Coping with Motion Artifacts by Analog Front-End ECG Microchips under Variable Digital Resolution and Gain ^†

Abstract

The development of portable ECG technology has found growing markets, from wearable ECG sensors to ambulatory ECG recorders, encountering challenges of moderately complex to tightly regulated devices. This study investigated how a typical 0.5–40 Hz bandwidth ECG is affected by motion artifact when using analog front-end (AFE) integrated circuits such as the AD823X family. It is known that the typical amplitude resolution of current mobile health ECG devices is 10–12 bits, and sometimes 16-bits, which is enough for monitoring but might be insufficient to identify the small potential amplitudes useful in diagnoses. The interest now is on the interplay of how a digital resolution choice and variable gain can cope with motion artifacts inherent in mobile health devices. With our methodology for a rapid prototyping of an ECG device, and using the AFE AD8232 and Bluetooth communication, a specific cardiac monitor ECG configuration was evaluated under two microcontroller systems of different resolution: a generic Arduino Nano board which featured a 10-bit analog-to-digital converter (ADC) and the 24-bit ADC of Silicon Labs C8051F350 board. The ECG cardiac monitor setup, recommended by Analog Devices, featuring two gain values under these two different microcontroller systems, was explored as to its ability to solve motion artifact problems.

1. Introduction

The growing trend of mobile health devices requires that the new devices developed for ECG monitoring can capture events that occur infrequently or under specific circumstances, while the user performs their daily activities in constant motion. The portable ECG devices are fabricated with resolutions below 16 bits, typically of 12 bits, which might be sufficient for the purpose of monitoring.
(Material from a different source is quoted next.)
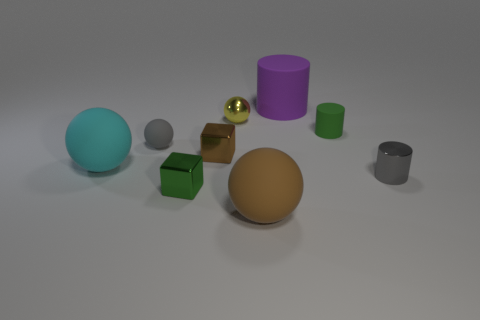Subtract all gray spheres. Subtract all cyan blocks. How many spheres are left? 3 Add 1 yellow rubber blocks. How many objects exist? 10 Subtract all spheres. How many objects are left? 5 Subtract 1 cyan spheres. How many objects are left? 8 Subtract all small red balls. Subtract all green metallic objects. How many objects are left? 8 Add 2 small yellow balls. How many small yellow balls are left? 3 Add 3 brown matte objects. How many brown matte objects exist? 4 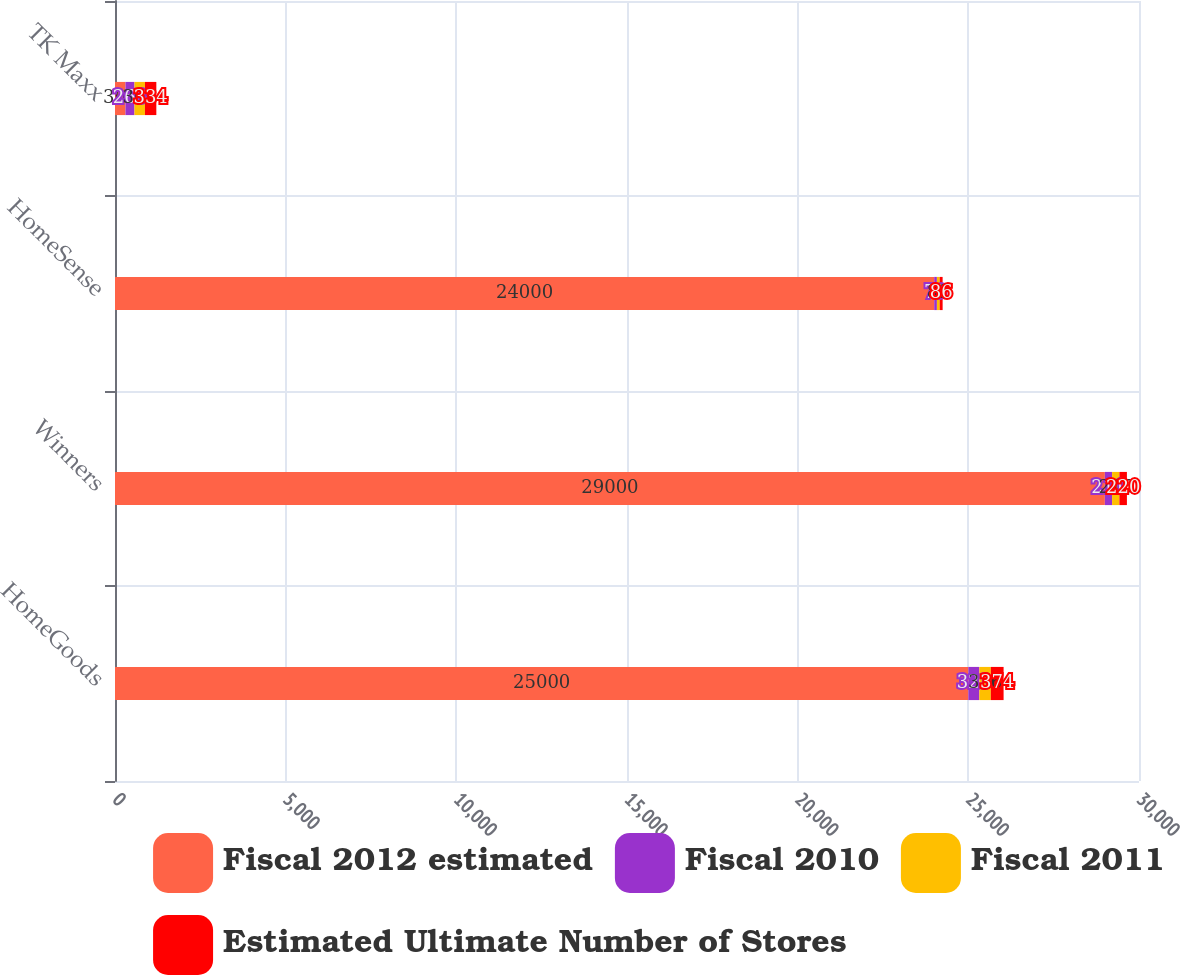Convert chart to OTSL. <chart><loc_0><loc_0><loc_500><loc_500><stacked_bar_chart><ecel><fcel>HomeGoods<fcel>Winners<fcel>HomeSense<fcel>TK Maxx<nl><fcel>Fiscal 2012 estimated<fcel>25000<fcel>29000<fcel>24000<fcel>307<nl><fcel>Fiscal 2010<fcel>323<fcel>211<fcel>79<fcel>263<nl><fcel>Fiscal 2011<fcel>336<fcel>215<fcel>82<fcel>307<nl><fcel>Estimated Ultimate Number of Stores<fcel>374<fcel>220<fcel>86<fcel>334<nl></chart>

However, studying the ECG waveform for details of heart operation, such as “late potentials” or some cardiomyopathies, require very high-resolution ECG electronics, greater than 20 bits, to show up the small potential amplitudes [1]. Another problem with conventional electrocardiography devices is that displaying an ECG signal details with a low-resolution ADC requires high amplification gain, which can reduce the margin for motion artifacts and more easily saturate the system. This represents a challenge for developers who, in addition to designing noise removal filters, must consider motion artifacts that can interfere with ECG recordings. These challenges have been considered by semiconductor companies; they have developed analog front-end (AFE) microchips in which it is easy to modify the filtering components for a specific application.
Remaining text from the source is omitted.